7 steps to become a data scientist
2 months ago, I wrote an answer on Quora about becoming a data scientist at top tech companies. It has received more than 25,000 views and 200+ upvotes from various data scientists from Facebook, Quora, Apple, etc.
I decided to write an elongated version for those who are interested in data science. These were the 7 most common things I saw when I interviewed at big companies (Facebook, Intel, Square, eBay, etc) for data science related positions.
Basic Programming Languages
You should know a statistical programming language, like R or Python as well as their data science related packages. Some packages you should familiarize yourself with are Pandas and Numpy for Python, and DataComputing and Dplyr for R. You should also know a database querying language like SQL, and understand the more complicated usage of it (sub-queries and joining multiple tables).
You should be able to explain key terms such as null hypothesis, P-value, maximum likelihood estimators and confidence intervals. Statistics is an important aspect of data science. It is absolutely critical to crunch data and to pick out the most important figures out of a huge dataset: statistics is the act of condensing data in order to reveal the data’s core characteristics. This is critical in the decision-making process and to design effective experiments.
You should be able to explain K-nearest neighbors, random forests, and ensemble methods. Many of the machine learning techniques and classifiers typically are implemented in R or Python. These algorithms show to employers that you have exposure to how data science can be used in more practical manners. Machine learning is used in our every day lives — web page classifications, Facebook ad rankings, Google search optimization, AirBnB search rankings, Youtube’s related videos, etc. Machine learning and artificial intelligence is a growing field, and it is critical to understand its algorithms.
You should be able to clean up data. This basically means understanding that “California” and “CA” are the same thing or that a negative number cannot exist in a dataset that describes population. Data scientists are often handed raw data that have multiple types of redundancies and corruptions. Data wrangling is all about identifying such redundancies and corruptions and converting a raw dataset into a condensed version that is much easier to analyze.
Data scientist is useless on his or her own. They need to communicate their findings to Product Managers in order to make sure those data are manifesting into real applications. Thus, familiarity with data visualization tools like ggplot and Shiny is very important (so you can SHOW data, not just talk about them). I personally recommend use Jupyter Notebook as a convenient way to analyze data and visualize them at any given point. Data visualization allows data scientists to communicate their findings to others who may not understand how to properly read data.
You should know algorithms and data structures, as they are often necessary in creating efficient algorithms for machine learning. Know the use cases and run time of these data structures: Queues, Arrays, Lists, Stacks, Trees, etc. Software engineering is the basic foundations of data science. Having a clear understanding of different data structures will give you a broader arsenal of efficient algorithms to use when analyzing data.

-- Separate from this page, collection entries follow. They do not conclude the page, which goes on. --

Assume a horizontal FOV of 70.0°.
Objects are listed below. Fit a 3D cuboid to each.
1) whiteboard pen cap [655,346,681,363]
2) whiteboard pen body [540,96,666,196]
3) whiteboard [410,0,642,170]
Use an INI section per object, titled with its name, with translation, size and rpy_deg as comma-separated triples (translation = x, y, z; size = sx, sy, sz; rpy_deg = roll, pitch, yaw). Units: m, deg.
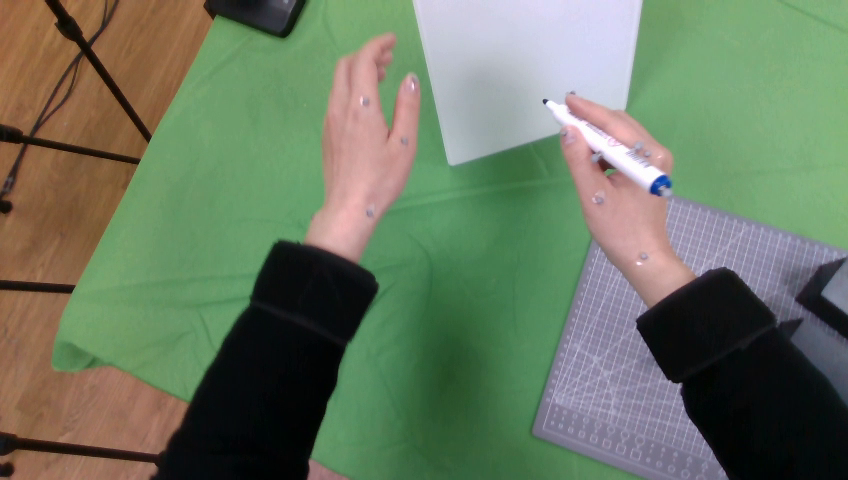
[whiteboard pen cap]
translation = 0.256, 0.120, 0.638
size = 0.018, 0.033, 0.018
rpy_deg = 0, 81, 2
[whiteboard pen body]
translation = 0.126, -0.075, 0.447
size = 0.017, 0.017, 0.139
rpy_deg = -33, 48, -3
[whiteboard]
translation = 0.090, -0.247, 0.615
size = 0.217, 0.308, 0.142
rpy_deg = -16, 58, 1

This one is definitely debatable, but those who understand the product are the ones who will know what metrics are the most important. There are tons of numbers one can A/B test, so product-oriented data scientist will pick the right metrics to experiment with. Know what these terms mean: Usability Testing, Wireframing, Retention and Conversion Rates, Traffic Analysis, Customer Feedback, Internal Logs, A/B Testing. Data science is only useful when the “data” is creating positive changes to the product itself, or how the product is perceived and used.
In each field, I mentioned few buzzwords you should know about. There are tons of websites you could use, so I recommend using these 7 branches as a roadmap to guide yourself when learning about data science.
Welcome to Data Science!